Volumetric properties of steam–carbon dioxide mixtures derived from excess molar enthalpy measurements

Abstract

Flow calorimetric measurements of the excess molar enthalpy, H^E_m, of [0.5H₂O–0.5CO₂](g), which extend over the temperature range 448.2 to 698.2 K and at pressures up to 20 MPa, were recently reported. In the initial analysis of these measurements, the residual molar enthalpy of carbon dioxide was calculated from the equation of state proposed by Kubic, the residual molar enthalpy of steam was calculated from a modification of Kubic's equation proposed by Lancaster and Wormald, and simple one-fluid mixing rules were used to calculate the residual molar enthalpy of the mixture. The binary interaction constant used to secure agreement between experimental and calculated H^E_m values was ξ= 1.33. This value is larger than that for steam–alkane interactions, and was attributed to a weak specific interaction between steam and carbon dioxide molecules in the vapour phase.

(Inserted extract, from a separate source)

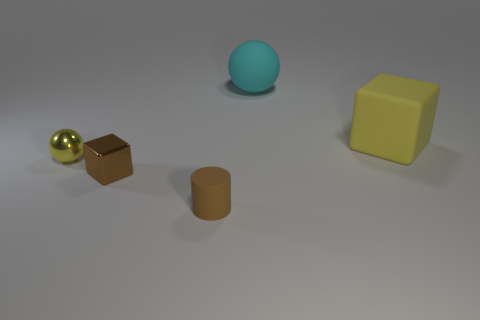Add 5 yellow rubber things. How many objects exist? 10 Subtract all spheres. How many objects are left? 3 Subtract all brown objects. Subtract all red things. How many objects are left? 3 Add 2 small yellow metal things. How many small yellow metal things are left? 3 Add 5 large yellow matte things. How many large yellow matte things exist? 6 Subtract 0 green cylinders. How many objects are left? 5 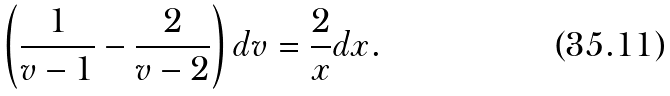<formula> <loc_0><loc_0><loc_500><loc_500>\left ( \frac { 1 } { v - 1 } - \frac { 2 } { v - 2 } \right ) d v = \frac { 2 } { x } d x .</formula>

The H^E_m measurements have now been reanalysed using mixing rules which include terms to account for the association between the unlike molecules. This results in a value of the equilibrium constant K₁₂(298.15 K)= 0.0954 MPa^–1, and a value of ΔH₁₂=–11.7 kJ mol^–1 for the enthalpy of the specific interaction between steam and carbon dioxide. The use of the association model slightly improves the fit to the H^E_m measurements and gives good agreement with experimental values of volumetric properties, particularly at low temperatures.